Ich fuhr mit meiner Zunge leicht ĂĽber ihre Muschi.

er stöhnte laut.

„Ach Bree!“

er stöhnte

Dann wurde ich härter, saugte ihre Muschi.

Sie zum Stöhnen bringen und meinen Namen schreien.

Dann tauchte ich meine Zunge in sein Loch.

Sie fing an zu keuchen, während ich sie mit meiner Zunge fickte.

Sie packte meinen Kopf und drĂĽckte mein Gesicht tiefer in ihre Muschi.

Dann ging ich weg.

Ich stand auf und zog den Rest meiner Kleidung aus und lächelte dann.

„Stelle 69.“

Ich sagte.

Sie lächelte, als ich aufstieg, meine Vagina und meinen Arsch auf ihrem Gesicht.

Er knurrte, als er mich neckte.

Ich kicherte, offensichtlich hätte er sich über mich lustig gemacht.

Ich ging zurück, um ihre Muschi wieder zu saugen, sie stöhnte laut.

Dann stöhnte ich, als er meine Muschi saugte.

Nach einer Weile fingen wir an, unsere Fotzen im Gesicht zu reiben.

„Verdammte Brittany! Oh! Lutsch meine Muschi, komm schon Baby!

Ich schrie.

Sie fing an, mich mit ihrer Zunge zu ficken, als ich ihr ins Gesicht schlug.

Dann leckte ich ihre Muschi und steckte meine zwei Finger in ihr Loch.

Er stöhnte und keuchte.

Er fing an, seine Finger zu bewegen, als er aufhörte, meine Muschi zu lecken.

Meine Muschi schmerzte so sehr, dass sie anfing, mich zu überwältigen.

Nach weiteren fĂĽnf Minuten erreichte sie einen Orgasmus.

Er schrie, als er spritzte.

Schockiert starrte ich sie an.

„Kannst du spritzen?“

fragte ich verwirrt.

„Ja … ich habe ein bisschen gelernt … aber verdammt … gut mit den Fingern vermasselt!“

Dann stieĂź er mich weg.

„Moment, ich habe etwas.“

Ich sah zu, wie sie in ihrer geheimen Tasche wĂĽhlte, die sie immer in ihrer BĂĽchertasche aufbewahrte.

Sie sah mich an und bemerkte, dass ich meine Muschi rieb.

„Nein. Noch nicht schrubben.“

Sie bestellte.

Ich hörte auf, meine klatschnasse Muschi zu reiben, als er etwas herauszog.

Ich starrte ihn an.

Es war ein Riemen, ein schöner langer lila Riemen an meinem Schwanz.

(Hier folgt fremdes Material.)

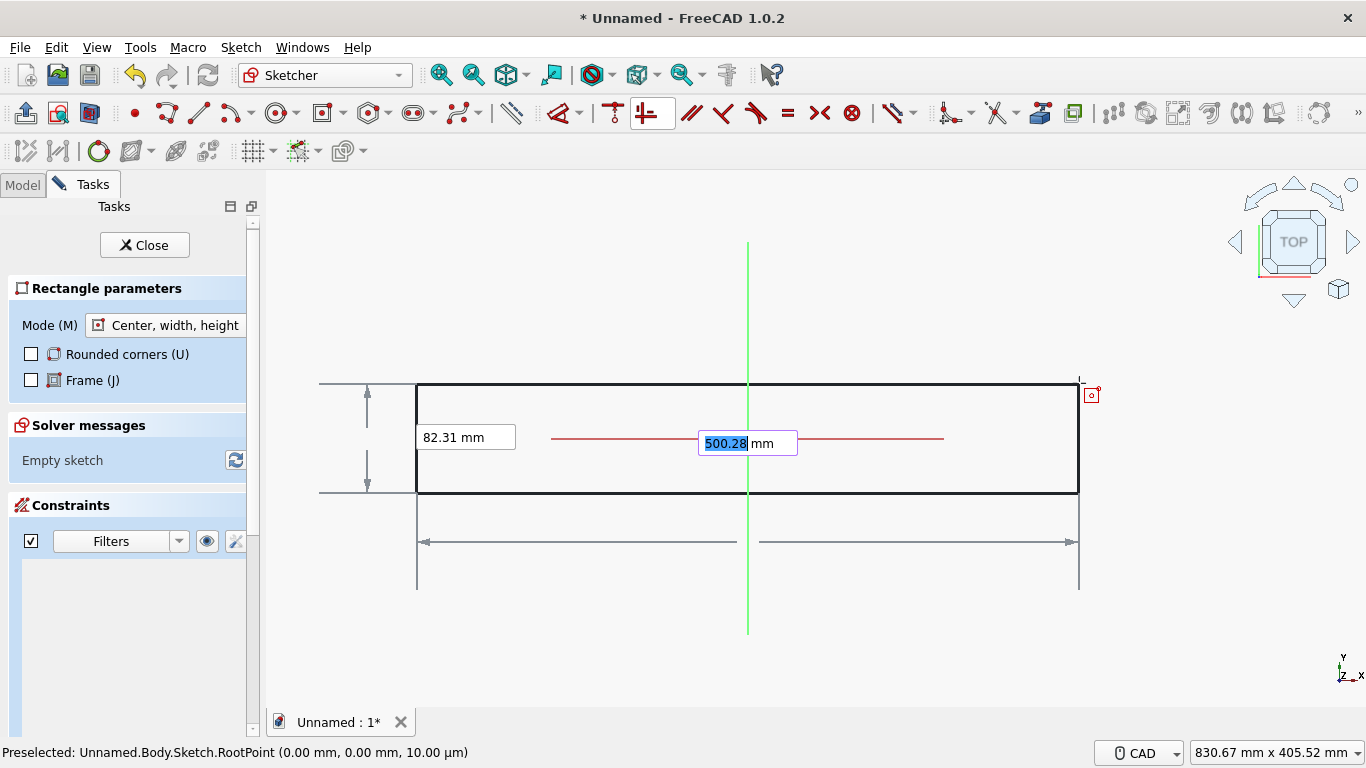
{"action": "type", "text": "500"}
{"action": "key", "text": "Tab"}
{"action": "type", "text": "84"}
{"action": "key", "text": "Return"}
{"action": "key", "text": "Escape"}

Es musste mindestens sieben Zentimeter lang sein.

Sie lächelte.

„Bist du ein Viring?“

Sie fragte

„Nein … ich habe gerade meinen Ex gefickt … letzte Woche, bevor wir uns gestern getrennt haben.“

Ich antwortete

„Gut.“

Er legte den Gurt an und legte mich dann hin.

Er bestieg mich und nahm eine Flasche Gleitmittel, die er hatte.

Er rieb es an seinem Schwanz und lächelte dann.

Er griff nach unten und küsste mich, während er langsam meinen Schwanz hineinschob.

Ich stöhnte und fing schon an, ihn zu bumsen.

Langsam fing es an, mich zu stören, aber dann wurde es von Minute zu Minute schneller und rauer.

Bald versagte sie völlig.

„Oh mein … Brittany! Fick mich Schlampe! Fick mich! Oh Gott!“

Ich schrie.

„Ja, sie ist so klein! Hier, nimm meinen Schwanz!“

Er hat geschrien.

Er fickte mich noch härter und steckte seinen Schwanz in mein Loch.

Ich hatte plötzlich das Gefühl, ich müsste pinkeln.

„Britt ich muss pinkeln.“

Ich stöhnte.

„Nein, das musst du nicht … loslassen, wenn du zum Orgasmus kommst.“

Sie flĂĽsterte

Dann leckte er meine Nippel, während er mich fickte.

Ich schrie, als ich zum Orgasmus kam.

Ich tat, was er sagte, und ließ das „Pipi“ los.

Es stellte sich heraus, dass ich spritzte.

Ich stöhnte laut, als sie auch stöhnte.

Nachdem ich beide zusammengebrochen war.

„Verdammt … es war gut.“

er murmelte

„Verdammt ja, das war es.“

antwortete ich und kĂĽsste ihren Hals.

„Ich bin noch nicht fertig … immer noch geil wie die Hölle.“

„Hier auch, Baby.“

Sie antwortete.

Er lächelte, als er mich ansah, „Warum machen wir uns nicht schmutzig …?“

„WorĂĽber redest du?“

Ich habe gefragt.

„Statt kĂĽssen … lecken … und … habe ich schon probiert. In unsere Mäuler gepisst.“

„Was!“

Ich keuchte.

„Vertrau mir … es ist so verdammt geil! Es macht mich geil.“

„Das ist gut.“

Er lächelte, als er anfing zu küssen und dann meinen Hals leckte.

Ich stöhnte.

Dann rieb er meine Muschi und ließ mich noch lauter stöhnen.

Ich packte ihren Hals und drĂĽckte ihr Gesicht in meine Muschi, schluckte ihr Gesicht brutal.

~ Kann ich fortfahren?

Tut mir leid, wenn es etwas ĂĽberstĂĽrzt ist ~

HinzufĂĽgt von:
Datum: April 18, 2022

Schreibe einen Kommentar

Deine E-Mail-Adresse wird nicht veröffentlicht.